What comprises your evening routine is up to you! Here are a few helpful practices/ ideas to help you get started in creating your routine.

  • Reflect on your day- Ask yourself the same few questions every day as you lay in bed. Questions like: Where could I have been more effective today? What were by 3 ‘wins’ of the day? Where could I have been a better --- (fill in the blank here) today? These questions should be asked without the intent to judge yourself on the answer (this is a no self-criticism zone) and over time will help you to become more conscious and intentional in your daily efforts.

  • Create tomorrow’s to-do list- What are some essential tasks that NEED to be accomplished the next day? Start by planning those tasks where they need to be completed and plan your ideal day around them.

  • Stretch and relax- For some people this could mean a little bit of yoga, journaling, or maybe just some quiet meditation. Whatever method works for you to help wind down is perfect.

  • Read a book- Reading a book that inspires you is a great way of telling your body it’s time to relax. If you really want to binge the latest Netflix series try using blue light glasses or “night mode” on devices to help reduce blue light exposure.

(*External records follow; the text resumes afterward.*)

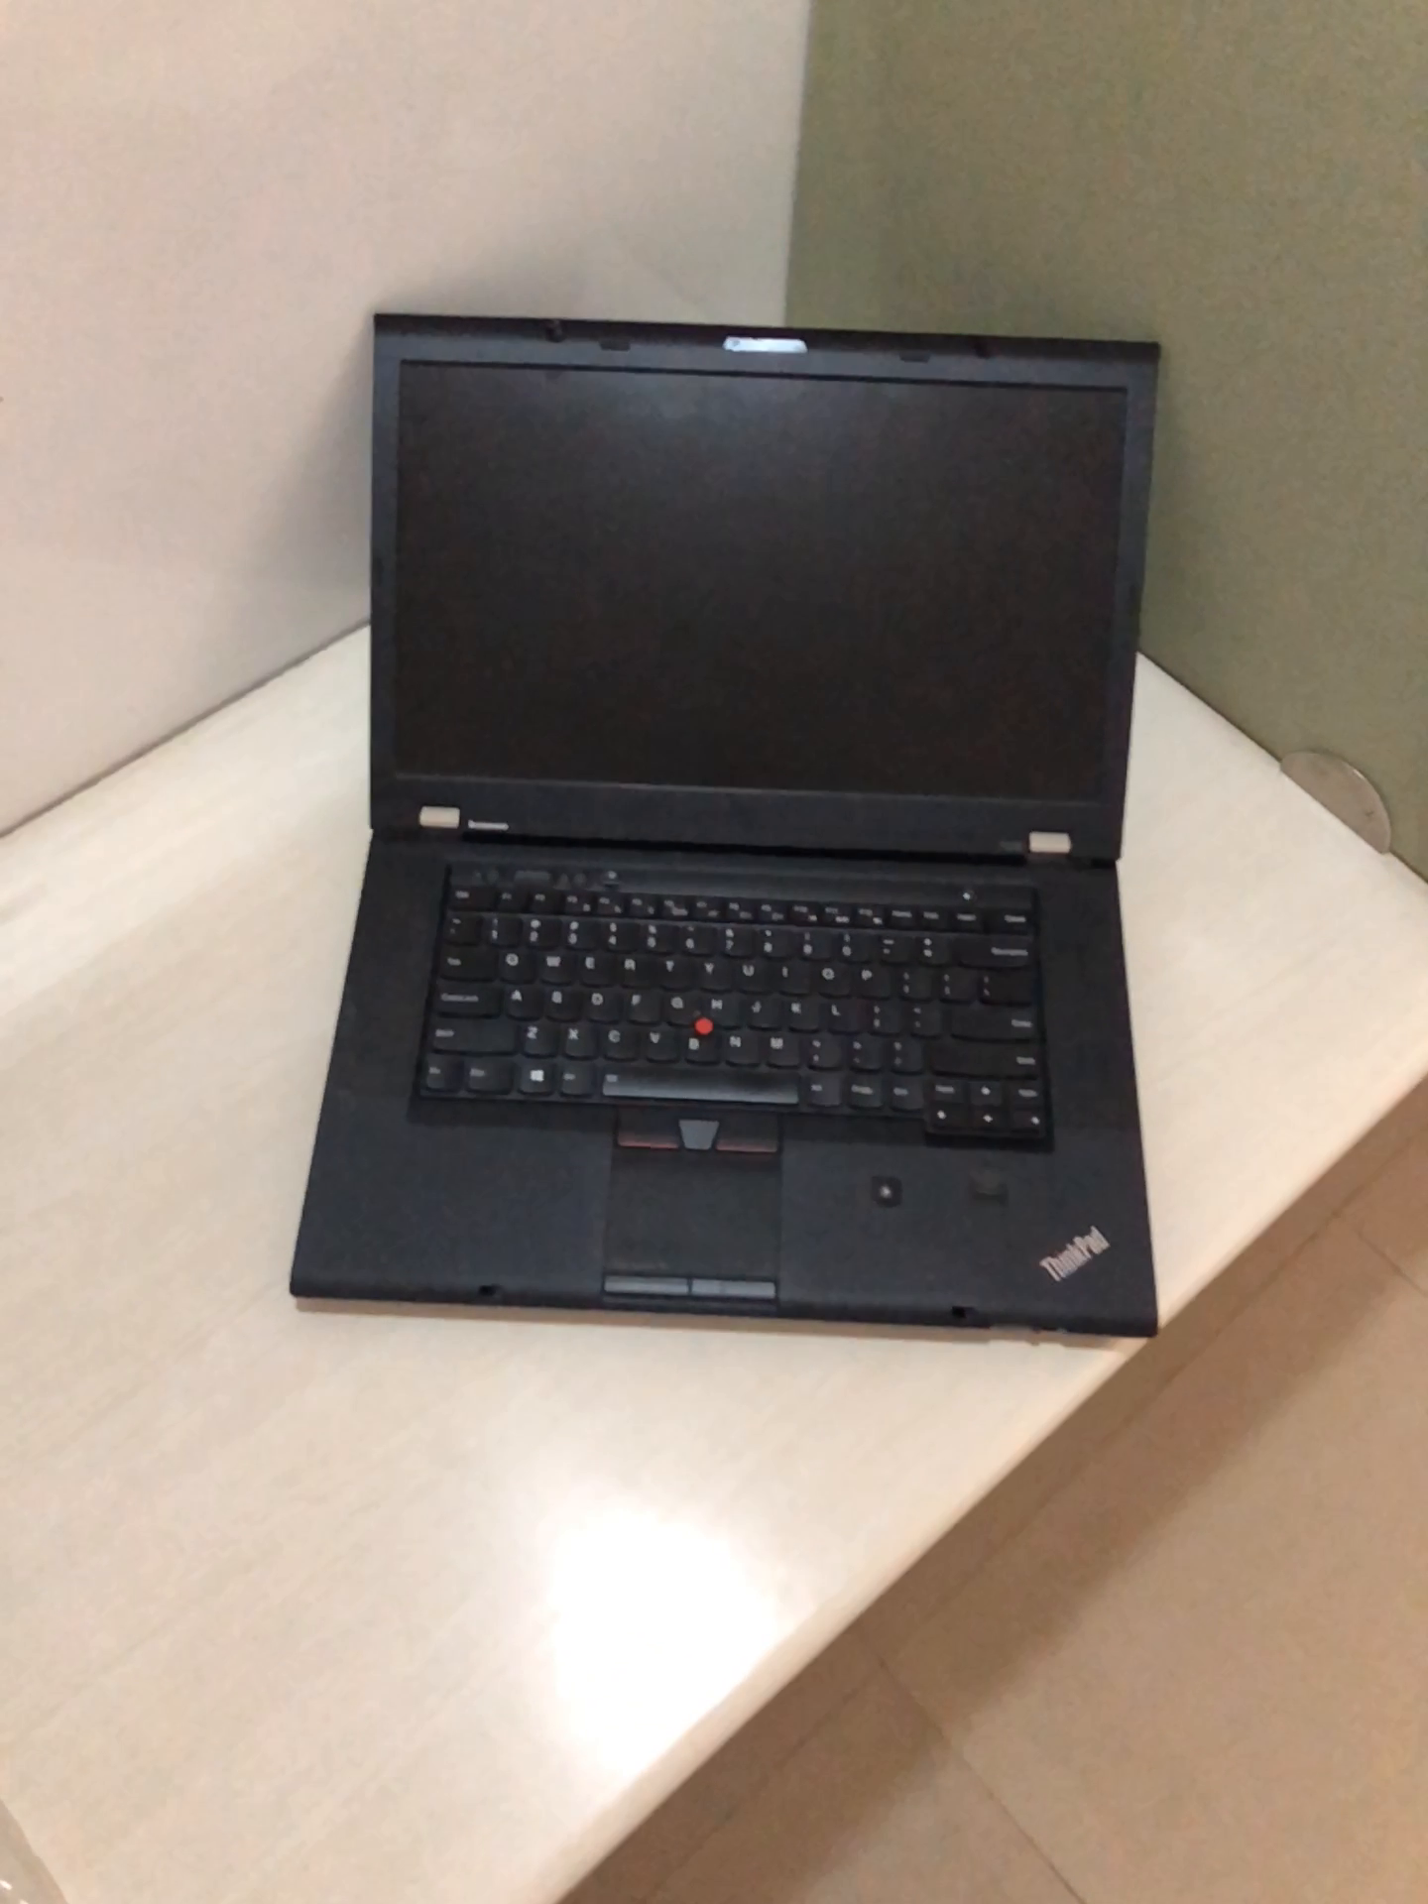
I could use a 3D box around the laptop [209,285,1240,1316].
[{"bbox_3d":[0.016,-0.077,0.687,0.353,0.142,0.412,3,64,2],"label":"laptop"}]
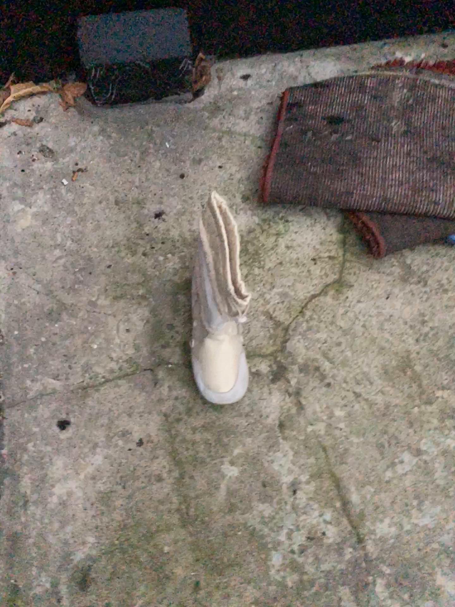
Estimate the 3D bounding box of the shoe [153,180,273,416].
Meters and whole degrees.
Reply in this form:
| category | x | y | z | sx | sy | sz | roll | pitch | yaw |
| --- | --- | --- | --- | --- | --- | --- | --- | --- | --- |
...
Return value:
| category | x | y | z | sx | sy | sz | roll | pitch | yaw |
| --- | --- | --- | --- | --- | --- | --- | --- | --- | --- |
| shoe | -0.026 | 0.014 | 0.727 | 0.110 | 0.299 | 0.271 | -9 | 70 | -4 |
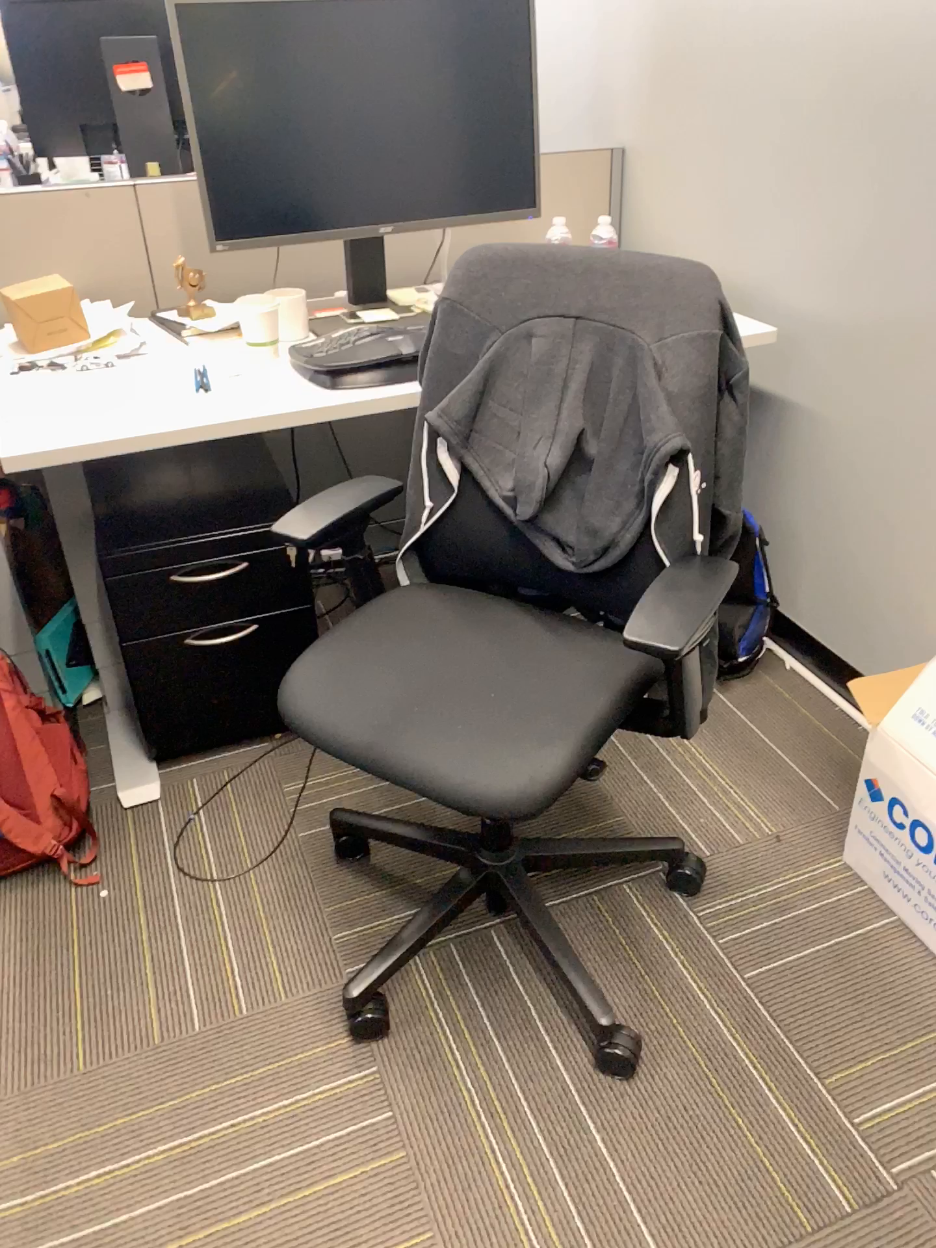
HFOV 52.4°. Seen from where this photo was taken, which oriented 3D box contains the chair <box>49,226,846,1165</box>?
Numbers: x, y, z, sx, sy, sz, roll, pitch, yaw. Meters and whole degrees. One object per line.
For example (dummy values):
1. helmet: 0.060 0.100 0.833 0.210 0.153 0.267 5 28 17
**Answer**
1. chair: 0.054 0.022 1.434 0.682 0.994 0.803 14 36 24

A group of people smile while chatting
Photo by Brook Cagle on Unsplash

These tips will help you begin to establish an evening routine that can set you up for success. A good reminder though is that success does not solely come from work, we can find success in our lives outside of professional performance- we work to live not the other way around. A good evening routine will create patterns that will help you to build successful habits in all areas of your life.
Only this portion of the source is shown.